Board Authority to Take Action

It’s a Saturday evening and you’re at a bar. One-by-one you notice that some of your favorite fellow board members from the Acme Foundation, where you serve as the Board Secretary, walk in to the room. They notice you as well, along with one another. Just by some amazing coincidence, six of the eleven board members of Acme Foundation happened to decide to spend an evening out at the same bar, at roughly the same time. So you all decide to sit together at the nice table in the corner and catch up on things.

The subject of a recent issue at Acme comes up. You decide that since a majority of the board is already together, and that constitutes a quorum, you could take action right now. You pull out a pen and pad of paper and announce to the table that you’re calling a meeting of the Acme Foundation board to order.

The jukebox makes a big “record scratch” sound and stops playing music. The entire bar goes quiet and everybody in the whole bar turns to make a hard glare at your table. They know what’s up. They know that you’re about to take an ultra vires action.

Dramatic music!

Your bylaws very likely has a section describing a quorum as some percentage of the members of the board. If your bylaws are like most bylaws, a majority of the board makes a quorum. But that’s not all it takes to actually establish a quorum. So to get a better understanding of what just happened in the above scene, let’s first get a proper understanding of these fancy Latin terms, and what they mean in the legal sense.

The first term is ultra vires, which means “beyond the powers.” The group of board members did not have the authority to act as they intended. Calling a meeting to order under the circumstance described in the story was not just merely inappropriate. The inappropriateness of that action should be pretty obvious. But more importantly, had the whole group of board members gone along and held a meeting, any action they took and recorded would not have withstood a legal challenge. The group did not have the authority to make any decisions or take any action.

But why? The answer partly lies in the legal definition for the other Latin term: quorum. From Cornell Law School:

A quorum is the minimum number of members of a group or committee required to be in attendance in order for that group to be able to take official action. Groups that often have quorum requirements include legislative bodies, corporate boards of directors, and corporate shareholder meetings.

Cornell Law School Legal Information Institute

It’s not clearly spelled out in the definition, but you’ll notice the key term here is “in attendance,” not “present.” A majority of board members could find themselves present in the same place at the same time, but if the encounter is by chance — or, worse, if the encounter is the result of a choice made by these members, to the exclusion of the full board — those board members are not actually attending anything.

Venn Diagram of Presence vs Attendance. Attendance is in a small circle that is entirely inside a larger circle with the word presence.
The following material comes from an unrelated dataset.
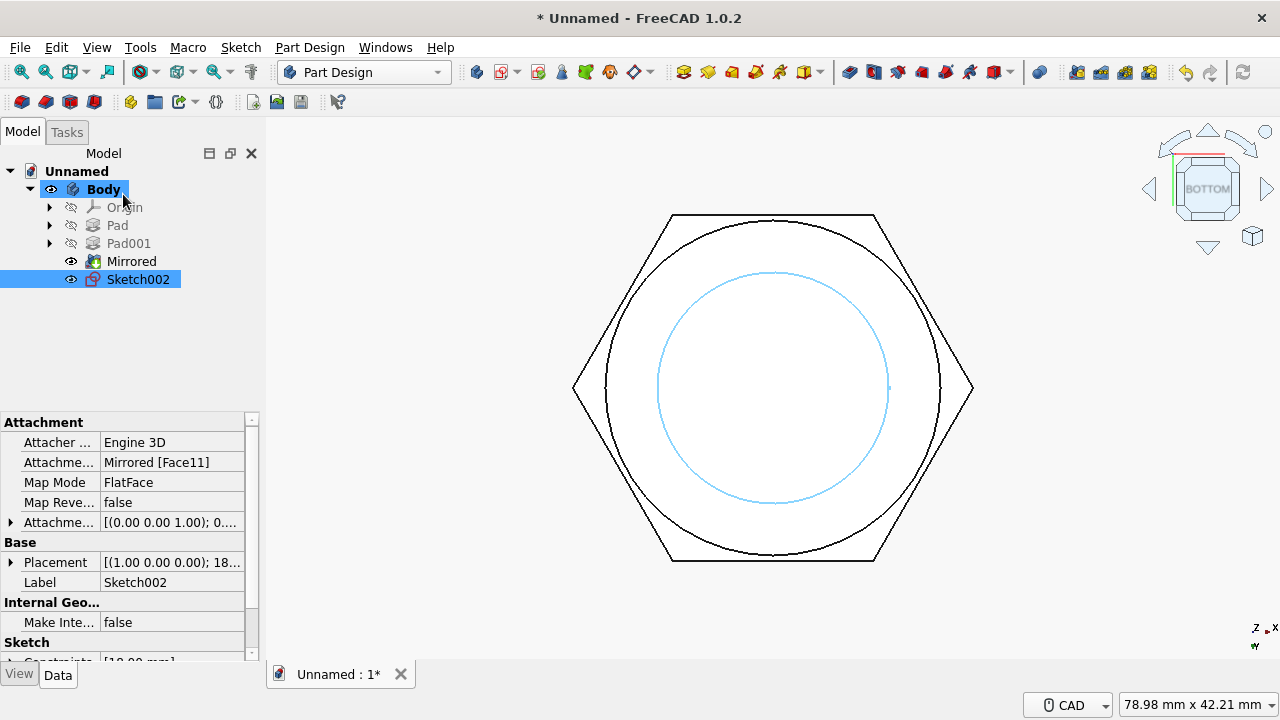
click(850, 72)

At this point, if you are a member of your board, you should take a moment to take out a copy of your organization’s bylaws. Look beyond the section about quorum. As a corporate unit, the board cannot legally take any action on behalf of the organization unless it first establishes quorum. No motions can be proposed, no decisions can be made, and no instructions can be given to the organization’s administrative leadership without taking these steps first, in order:

  1. Send a proper meeting notice to all board members, making sure to include, at a minimum, all details that are mandated in the bylaws.
  2. At the appointed time given in the notice, and no earlier, count the number of board members who are present.
  3. Once it is established that quorum has been reached, the meeting can then be called to order, and those members present can be counted as in attendance.

In an emergency situation or other crisis, it can be easy to ignore the importance of following the bylaws and making sure that proper notice is sent. Typically, there may be a clause in your bylaws that allows for notice to be waived. However, you must receive written, uncoerced consent from all board members who are unable to attend. Those board members must expressly waive notice, or else those board members who are in attendance will not legally be able to take action, even if you have enough members present to establish a quorum.

In summary: A single board member’s absence or exclusion from a meeting, with no waiver of notice from that member, kills the board’s ability to establish the quorum required to take action. Check your bylaws to find out what it says about quorum and notice for meetings, and make sure to follow them like every word is sacred.